Activity – Produce the records below again, word for word, but stop after the line that contains "Provide a short and direct response. 3.28.".

Items from a data source:
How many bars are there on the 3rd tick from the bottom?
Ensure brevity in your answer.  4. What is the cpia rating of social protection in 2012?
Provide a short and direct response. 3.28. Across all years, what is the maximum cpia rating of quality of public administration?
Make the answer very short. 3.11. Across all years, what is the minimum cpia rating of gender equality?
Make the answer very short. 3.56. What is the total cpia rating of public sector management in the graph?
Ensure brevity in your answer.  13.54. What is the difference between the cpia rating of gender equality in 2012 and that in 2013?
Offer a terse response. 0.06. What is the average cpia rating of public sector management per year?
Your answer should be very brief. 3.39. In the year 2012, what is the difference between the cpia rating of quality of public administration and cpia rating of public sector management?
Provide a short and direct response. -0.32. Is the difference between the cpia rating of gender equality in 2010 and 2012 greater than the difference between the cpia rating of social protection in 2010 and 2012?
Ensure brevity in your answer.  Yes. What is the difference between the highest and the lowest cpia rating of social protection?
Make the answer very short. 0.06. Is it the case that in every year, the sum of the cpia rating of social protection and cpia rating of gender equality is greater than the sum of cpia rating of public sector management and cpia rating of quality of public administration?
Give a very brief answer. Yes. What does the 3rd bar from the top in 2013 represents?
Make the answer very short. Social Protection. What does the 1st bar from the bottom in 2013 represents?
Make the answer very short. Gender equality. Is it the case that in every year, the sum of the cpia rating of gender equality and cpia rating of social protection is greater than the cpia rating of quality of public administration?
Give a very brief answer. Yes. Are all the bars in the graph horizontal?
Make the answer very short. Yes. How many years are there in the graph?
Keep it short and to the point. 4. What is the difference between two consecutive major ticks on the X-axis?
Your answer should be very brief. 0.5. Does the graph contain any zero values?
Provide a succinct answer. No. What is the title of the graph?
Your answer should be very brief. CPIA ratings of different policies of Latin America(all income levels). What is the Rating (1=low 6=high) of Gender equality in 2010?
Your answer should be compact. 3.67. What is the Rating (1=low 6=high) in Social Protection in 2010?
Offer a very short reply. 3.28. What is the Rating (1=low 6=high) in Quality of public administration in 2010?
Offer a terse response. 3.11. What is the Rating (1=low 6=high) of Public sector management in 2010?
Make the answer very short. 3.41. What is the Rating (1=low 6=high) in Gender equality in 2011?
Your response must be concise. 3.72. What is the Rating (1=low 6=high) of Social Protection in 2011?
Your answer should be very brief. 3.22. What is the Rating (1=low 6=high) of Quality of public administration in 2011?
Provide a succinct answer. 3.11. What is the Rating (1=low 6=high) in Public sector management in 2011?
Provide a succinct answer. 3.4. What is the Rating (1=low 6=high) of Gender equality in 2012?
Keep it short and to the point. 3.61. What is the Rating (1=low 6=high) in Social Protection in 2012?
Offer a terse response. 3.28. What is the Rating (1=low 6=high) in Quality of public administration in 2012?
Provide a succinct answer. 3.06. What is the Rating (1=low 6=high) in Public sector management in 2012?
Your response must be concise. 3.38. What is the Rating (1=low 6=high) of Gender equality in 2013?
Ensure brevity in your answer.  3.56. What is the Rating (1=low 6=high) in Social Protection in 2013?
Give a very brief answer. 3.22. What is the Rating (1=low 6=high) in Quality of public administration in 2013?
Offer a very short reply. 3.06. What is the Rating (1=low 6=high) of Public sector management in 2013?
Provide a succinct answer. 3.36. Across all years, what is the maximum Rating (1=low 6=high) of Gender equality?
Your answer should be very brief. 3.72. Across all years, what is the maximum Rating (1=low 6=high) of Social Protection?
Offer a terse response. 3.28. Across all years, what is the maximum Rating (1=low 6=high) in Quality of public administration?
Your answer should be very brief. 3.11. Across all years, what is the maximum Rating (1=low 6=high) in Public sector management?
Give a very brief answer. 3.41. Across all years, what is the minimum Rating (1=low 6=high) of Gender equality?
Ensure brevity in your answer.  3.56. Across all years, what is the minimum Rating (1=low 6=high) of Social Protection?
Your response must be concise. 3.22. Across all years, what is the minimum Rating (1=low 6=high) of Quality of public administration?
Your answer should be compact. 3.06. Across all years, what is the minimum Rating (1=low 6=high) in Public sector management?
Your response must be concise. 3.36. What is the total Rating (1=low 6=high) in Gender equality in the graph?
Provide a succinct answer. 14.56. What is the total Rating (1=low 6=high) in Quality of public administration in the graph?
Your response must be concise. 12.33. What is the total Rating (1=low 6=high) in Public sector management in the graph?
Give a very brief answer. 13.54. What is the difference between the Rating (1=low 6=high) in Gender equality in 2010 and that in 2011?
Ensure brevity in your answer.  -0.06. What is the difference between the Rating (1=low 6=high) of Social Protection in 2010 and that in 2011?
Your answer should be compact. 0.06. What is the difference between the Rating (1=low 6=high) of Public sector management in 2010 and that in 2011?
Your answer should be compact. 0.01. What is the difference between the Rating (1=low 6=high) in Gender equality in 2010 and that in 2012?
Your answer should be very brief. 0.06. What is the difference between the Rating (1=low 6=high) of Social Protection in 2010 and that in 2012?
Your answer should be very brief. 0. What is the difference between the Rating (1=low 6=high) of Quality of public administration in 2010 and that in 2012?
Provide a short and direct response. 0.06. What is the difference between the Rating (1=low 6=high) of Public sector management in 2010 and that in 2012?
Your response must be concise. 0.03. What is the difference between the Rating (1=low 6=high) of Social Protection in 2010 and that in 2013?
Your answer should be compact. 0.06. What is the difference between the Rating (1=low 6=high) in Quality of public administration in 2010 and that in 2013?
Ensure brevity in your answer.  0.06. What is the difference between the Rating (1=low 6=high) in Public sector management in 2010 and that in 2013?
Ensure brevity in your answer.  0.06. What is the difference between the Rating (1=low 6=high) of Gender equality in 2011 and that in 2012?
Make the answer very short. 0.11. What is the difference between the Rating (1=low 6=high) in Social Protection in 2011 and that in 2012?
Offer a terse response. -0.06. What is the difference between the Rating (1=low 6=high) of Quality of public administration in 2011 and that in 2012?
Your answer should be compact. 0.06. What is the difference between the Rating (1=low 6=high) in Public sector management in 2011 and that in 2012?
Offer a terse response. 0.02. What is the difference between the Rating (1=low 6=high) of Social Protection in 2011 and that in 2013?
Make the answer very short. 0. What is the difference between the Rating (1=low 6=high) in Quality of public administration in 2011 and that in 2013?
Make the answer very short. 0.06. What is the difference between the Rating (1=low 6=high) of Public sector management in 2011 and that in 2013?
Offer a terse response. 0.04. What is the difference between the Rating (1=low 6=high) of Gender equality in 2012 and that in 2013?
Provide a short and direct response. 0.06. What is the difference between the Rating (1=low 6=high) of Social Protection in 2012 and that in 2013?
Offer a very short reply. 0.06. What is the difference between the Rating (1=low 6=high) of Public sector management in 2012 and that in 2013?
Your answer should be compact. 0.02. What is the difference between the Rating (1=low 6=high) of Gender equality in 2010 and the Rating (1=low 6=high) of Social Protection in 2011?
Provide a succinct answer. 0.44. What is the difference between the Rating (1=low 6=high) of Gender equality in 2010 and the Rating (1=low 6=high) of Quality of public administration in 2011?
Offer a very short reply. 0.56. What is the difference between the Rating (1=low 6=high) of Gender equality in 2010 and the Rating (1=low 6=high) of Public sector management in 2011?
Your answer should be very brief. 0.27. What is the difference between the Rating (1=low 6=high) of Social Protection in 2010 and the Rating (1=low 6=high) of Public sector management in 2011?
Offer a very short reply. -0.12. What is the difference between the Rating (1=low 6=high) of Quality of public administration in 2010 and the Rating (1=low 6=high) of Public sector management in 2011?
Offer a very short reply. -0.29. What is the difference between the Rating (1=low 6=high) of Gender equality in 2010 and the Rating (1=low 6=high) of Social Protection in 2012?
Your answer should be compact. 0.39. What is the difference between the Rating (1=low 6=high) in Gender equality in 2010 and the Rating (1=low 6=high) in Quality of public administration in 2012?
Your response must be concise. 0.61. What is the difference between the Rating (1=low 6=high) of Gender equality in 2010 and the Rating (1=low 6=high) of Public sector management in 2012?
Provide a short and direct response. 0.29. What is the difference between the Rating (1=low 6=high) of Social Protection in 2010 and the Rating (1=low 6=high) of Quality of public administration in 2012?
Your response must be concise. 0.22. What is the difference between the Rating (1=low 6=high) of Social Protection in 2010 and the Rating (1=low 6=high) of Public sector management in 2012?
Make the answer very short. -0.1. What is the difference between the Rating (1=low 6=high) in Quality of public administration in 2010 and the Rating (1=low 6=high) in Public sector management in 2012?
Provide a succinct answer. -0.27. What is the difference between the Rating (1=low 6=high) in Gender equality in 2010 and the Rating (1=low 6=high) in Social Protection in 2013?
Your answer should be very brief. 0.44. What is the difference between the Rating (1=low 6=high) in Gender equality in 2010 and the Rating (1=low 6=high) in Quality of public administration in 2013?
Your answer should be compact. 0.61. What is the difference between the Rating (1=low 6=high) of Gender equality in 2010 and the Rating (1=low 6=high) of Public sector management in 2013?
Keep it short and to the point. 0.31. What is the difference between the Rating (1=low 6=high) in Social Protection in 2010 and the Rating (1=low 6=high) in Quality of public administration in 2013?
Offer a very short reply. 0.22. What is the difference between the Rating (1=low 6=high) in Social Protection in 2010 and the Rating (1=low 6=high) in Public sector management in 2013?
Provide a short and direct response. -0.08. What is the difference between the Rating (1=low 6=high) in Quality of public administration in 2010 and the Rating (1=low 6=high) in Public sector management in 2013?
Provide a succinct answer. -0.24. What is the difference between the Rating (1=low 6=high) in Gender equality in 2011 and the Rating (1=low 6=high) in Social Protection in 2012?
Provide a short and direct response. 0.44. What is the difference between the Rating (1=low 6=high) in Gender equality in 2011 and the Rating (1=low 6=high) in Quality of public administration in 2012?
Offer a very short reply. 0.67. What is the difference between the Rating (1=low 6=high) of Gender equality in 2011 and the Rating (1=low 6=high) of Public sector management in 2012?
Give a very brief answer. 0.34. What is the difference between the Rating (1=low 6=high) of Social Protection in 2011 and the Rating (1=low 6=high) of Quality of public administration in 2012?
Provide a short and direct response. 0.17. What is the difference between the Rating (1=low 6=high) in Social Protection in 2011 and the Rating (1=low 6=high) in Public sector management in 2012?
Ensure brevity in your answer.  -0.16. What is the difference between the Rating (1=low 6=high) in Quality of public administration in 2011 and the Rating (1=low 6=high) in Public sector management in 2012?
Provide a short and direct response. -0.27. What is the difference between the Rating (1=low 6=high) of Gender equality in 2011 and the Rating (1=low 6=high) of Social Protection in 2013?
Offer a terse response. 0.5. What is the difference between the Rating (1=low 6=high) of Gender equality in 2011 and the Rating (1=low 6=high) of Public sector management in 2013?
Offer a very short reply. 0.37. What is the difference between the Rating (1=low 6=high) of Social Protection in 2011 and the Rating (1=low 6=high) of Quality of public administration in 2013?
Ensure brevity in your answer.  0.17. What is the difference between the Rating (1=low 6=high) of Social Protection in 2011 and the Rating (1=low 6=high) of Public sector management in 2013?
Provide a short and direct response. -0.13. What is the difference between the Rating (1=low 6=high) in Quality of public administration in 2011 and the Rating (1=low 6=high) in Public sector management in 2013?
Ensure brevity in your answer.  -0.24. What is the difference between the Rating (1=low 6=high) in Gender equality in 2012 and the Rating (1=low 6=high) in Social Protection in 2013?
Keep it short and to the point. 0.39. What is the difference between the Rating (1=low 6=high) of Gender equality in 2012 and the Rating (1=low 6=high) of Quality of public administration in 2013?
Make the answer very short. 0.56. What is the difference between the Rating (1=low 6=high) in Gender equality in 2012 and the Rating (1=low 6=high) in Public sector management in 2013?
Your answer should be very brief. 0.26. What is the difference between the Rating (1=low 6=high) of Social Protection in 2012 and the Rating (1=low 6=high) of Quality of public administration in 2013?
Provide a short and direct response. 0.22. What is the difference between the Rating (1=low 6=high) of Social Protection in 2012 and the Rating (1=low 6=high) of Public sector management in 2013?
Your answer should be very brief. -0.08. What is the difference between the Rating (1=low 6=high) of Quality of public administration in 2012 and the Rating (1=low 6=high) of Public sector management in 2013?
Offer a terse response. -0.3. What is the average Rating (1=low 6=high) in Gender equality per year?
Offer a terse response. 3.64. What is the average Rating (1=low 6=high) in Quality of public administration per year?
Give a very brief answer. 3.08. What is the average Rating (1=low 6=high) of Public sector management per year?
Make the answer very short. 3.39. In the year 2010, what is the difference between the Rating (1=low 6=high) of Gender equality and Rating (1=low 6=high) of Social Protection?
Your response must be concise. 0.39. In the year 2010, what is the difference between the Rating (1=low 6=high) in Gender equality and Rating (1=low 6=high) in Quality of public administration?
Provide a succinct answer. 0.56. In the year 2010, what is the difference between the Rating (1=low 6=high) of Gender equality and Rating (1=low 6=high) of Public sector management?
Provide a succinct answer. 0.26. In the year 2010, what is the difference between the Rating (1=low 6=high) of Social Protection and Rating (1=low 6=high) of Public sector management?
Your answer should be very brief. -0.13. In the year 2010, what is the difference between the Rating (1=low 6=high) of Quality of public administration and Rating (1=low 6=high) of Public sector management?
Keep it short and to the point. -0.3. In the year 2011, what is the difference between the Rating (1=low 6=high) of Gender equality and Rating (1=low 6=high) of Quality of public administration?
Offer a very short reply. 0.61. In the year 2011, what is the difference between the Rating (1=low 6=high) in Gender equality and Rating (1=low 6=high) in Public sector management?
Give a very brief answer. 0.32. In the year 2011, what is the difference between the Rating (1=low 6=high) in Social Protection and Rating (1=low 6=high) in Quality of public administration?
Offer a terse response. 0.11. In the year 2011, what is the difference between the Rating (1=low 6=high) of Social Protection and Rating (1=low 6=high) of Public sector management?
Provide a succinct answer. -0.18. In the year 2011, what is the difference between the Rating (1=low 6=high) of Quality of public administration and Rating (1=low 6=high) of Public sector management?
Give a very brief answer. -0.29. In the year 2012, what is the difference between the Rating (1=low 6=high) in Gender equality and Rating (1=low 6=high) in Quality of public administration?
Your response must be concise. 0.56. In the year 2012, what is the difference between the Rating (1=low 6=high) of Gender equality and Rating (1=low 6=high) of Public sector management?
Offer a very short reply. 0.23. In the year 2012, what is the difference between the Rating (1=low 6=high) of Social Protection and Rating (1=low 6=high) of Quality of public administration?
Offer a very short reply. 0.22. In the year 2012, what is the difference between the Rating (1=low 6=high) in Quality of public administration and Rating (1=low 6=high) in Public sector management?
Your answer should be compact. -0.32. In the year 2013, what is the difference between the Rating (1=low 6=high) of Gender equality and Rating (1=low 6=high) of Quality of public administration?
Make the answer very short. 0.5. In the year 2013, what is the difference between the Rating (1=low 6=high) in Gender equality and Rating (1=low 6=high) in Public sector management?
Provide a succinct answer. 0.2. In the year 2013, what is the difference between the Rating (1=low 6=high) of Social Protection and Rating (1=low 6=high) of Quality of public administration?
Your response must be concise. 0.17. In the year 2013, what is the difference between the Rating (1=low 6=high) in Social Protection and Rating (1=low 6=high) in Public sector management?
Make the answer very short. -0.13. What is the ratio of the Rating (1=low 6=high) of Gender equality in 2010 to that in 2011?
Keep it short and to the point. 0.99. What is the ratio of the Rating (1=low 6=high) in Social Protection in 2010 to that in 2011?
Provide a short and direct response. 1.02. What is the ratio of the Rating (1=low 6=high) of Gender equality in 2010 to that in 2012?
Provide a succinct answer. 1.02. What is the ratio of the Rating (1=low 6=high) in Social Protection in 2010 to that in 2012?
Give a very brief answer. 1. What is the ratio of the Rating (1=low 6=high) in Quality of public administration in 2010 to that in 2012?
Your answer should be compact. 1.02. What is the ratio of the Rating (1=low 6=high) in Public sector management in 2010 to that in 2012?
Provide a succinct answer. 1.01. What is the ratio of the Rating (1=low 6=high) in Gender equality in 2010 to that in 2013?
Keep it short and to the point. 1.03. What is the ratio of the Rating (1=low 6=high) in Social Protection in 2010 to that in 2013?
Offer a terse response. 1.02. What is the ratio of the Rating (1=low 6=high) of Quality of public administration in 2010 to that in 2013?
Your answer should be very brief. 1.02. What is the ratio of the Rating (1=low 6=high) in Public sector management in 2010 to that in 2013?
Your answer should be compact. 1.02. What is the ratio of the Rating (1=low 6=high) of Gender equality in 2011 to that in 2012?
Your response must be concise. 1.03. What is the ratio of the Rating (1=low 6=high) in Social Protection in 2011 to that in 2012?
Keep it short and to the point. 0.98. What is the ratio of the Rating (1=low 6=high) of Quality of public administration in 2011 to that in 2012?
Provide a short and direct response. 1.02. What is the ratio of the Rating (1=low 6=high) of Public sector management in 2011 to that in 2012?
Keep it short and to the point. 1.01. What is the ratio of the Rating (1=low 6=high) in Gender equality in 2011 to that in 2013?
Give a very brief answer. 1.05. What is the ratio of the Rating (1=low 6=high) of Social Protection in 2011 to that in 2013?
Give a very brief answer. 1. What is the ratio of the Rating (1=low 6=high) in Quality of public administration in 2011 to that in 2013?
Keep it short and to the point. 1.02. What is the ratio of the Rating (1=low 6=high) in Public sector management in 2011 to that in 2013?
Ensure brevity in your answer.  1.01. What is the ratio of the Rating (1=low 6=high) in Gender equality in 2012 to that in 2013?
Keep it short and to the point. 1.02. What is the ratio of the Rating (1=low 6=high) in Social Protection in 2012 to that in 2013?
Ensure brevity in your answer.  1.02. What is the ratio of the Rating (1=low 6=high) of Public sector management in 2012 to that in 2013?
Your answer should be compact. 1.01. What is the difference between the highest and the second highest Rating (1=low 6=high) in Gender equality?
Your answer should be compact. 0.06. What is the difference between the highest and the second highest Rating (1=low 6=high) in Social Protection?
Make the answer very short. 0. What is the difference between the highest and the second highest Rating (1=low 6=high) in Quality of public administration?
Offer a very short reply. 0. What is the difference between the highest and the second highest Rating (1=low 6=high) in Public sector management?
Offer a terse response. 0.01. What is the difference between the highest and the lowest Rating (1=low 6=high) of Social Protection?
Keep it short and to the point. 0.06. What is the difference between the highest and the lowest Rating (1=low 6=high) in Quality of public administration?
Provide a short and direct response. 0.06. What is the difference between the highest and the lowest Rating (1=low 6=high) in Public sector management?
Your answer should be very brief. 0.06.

Response for this exercise –
How many bars are there on the 3rd tick from the bottom?
Ensure brevity in your answer.  4. What is the cpia rating of social protection in 2012?
Provide a short and direct response. 3.28. Across all years, what is the maximum cpia rating of quality of public administration?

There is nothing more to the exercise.